TREMBLANT CAPITAL GROUP established a fresh stake in CyberArk Software Ltd. (NASDAQ:CYBR), accumulating 60,201 shares valued at approximately $29.09 million as of September 30, 2025. According to SEC disclosures filed on November 14, 2025, this position represents 3% of the fund’s $968.95 million in reportable domestic equities, immediately becoming the group’s 14th most significant holding.

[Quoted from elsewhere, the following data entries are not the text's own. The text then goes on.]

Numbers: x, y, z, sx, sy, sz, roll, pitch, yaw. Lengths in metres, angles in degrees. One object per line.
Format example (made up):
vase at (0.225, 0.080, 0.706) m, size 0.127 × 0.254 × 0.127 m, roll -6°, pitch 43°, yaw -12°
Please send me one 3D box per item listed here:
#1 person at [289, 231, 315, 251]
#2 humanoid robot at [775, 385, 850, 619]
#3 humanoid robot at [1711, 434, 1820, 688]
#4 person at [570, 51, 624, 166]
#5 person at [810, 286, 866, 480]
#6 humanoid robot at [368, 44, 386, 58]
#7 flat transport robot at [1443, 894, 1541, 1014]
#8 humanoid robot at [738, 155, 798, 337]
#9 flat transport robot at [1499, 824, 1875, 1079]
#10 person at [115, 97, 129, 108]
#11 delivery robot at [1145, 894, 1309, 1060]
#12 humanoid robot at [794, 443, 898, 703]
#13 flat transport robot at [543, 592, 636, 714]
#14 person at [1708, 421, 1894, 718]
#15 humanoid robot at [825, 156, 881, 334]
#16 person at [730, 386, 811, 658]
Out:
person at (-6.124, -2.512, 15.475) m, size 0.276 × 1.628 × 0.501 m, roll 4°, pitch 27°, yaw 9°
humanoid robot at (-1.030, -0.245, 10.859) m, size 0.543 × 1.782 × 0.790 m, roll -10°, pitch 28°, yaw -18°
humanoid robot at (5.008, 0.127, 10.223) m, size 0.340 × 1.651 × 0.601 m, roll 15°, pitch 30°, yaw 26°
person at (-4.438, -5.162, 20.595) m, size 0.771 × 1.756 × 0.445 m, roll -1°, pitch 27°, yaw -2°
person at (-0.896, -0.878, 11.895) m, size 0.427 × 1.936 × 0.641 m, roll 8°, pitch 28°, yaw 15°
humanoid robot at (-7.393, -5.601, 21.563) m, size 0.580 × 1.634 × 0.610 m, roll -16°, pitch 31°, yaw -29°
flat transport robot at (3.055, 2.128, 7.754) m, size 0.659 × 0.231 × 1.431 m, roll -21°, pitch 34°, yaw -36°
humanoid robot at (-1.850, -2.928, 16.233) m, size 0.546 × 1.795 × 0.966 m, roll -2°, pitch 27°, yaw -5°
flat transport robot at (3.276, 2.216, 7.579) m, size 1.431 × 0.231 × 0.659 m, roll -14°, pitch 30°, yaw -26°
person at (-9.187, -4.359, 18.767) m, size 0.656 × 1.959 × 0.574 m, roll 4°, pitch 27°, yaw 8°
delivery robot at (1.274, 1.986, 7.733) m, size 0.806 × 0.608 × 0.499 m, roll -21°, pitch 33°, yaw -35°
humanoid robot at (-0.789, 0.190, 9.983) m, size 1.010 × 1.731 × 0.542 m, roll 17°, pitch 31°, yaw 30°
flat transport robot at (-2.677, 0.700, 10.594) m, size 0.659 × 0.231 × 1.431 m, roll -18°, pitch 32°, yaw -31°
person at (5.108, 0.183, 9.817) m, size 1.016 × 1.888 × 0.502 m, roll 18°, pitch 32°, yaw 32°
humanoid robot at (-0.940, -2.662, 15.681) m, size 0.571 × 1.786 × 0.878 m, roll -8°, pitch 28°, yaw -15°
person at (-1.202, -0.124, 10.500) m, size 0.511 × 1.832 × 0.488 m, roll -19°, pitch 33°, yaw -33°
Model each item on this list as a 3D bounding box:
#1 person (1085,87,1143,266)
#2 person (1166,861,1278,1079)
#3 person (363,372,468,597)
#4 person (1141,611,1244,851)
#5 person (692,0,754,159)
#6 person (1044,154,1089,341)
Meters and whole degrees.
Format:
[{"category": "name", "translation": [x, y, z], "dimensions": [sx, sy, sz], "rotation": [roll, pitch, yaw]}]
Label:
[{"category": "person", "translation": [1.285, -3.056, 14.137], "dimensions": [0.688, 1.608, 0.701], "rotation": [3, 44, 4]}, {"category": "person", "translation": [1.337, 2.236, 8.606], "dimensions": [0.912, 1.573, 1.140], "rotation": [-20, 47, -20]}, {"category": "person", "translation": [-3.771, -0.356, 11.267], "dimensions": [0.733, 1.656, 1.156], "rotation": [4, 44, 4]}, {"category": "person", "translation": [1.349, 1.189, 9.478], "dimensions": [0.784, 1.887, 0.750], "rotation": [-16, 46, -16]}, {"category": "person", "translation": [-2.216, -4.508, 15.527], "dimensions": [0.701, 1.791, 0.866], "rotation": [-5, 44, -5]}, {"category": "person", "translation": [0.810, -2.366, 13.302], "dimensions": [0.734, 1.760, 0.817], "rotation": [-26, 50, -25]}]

Why CyberArk Caught the Institutional Eye
CyberArk Software stands as a dominant force in the identity security and privileged access management space. The company’s comprehensive portfolio spans privileged access management, identity security architecture, endpoint privilege controls, and cloud entitlement solutions. Revenue streams flow primarily through software licensing agreements, subscription-based SaaS models, and ongoing maintenance services, delivered via both direct channels and a sprawling partner ecosystem.
The firm’s market reach extends across financial services, healthcare, manufacturing, energy, retail, technology, telecommunications, and government sectors worldwide. As organizations worldwide prioritize infrastructure protection and data safeguarding, CyberArk’s adaptive authentication and cloud-native security solutions position it strategically within a rapidly evolving threat landscape.
Market Performance and Valuation Context
As of November 13, 2025, CyberArk’s stock traded at $487.29, representing a robust 67.1% annual climb that outpaced the S&P 500 by 49.43 percentage points. The company maintains a market capitalization of $24.60 billion, with trailing twelve-month revenues reaching $1.30 billion, though net income stands at -$226.92 million.
Trading at a price-to-sales multiple of 17, the valuation reflects market confidence in the cybersecurity sector’s growth trajectory, though it’s hardly a bargain metric.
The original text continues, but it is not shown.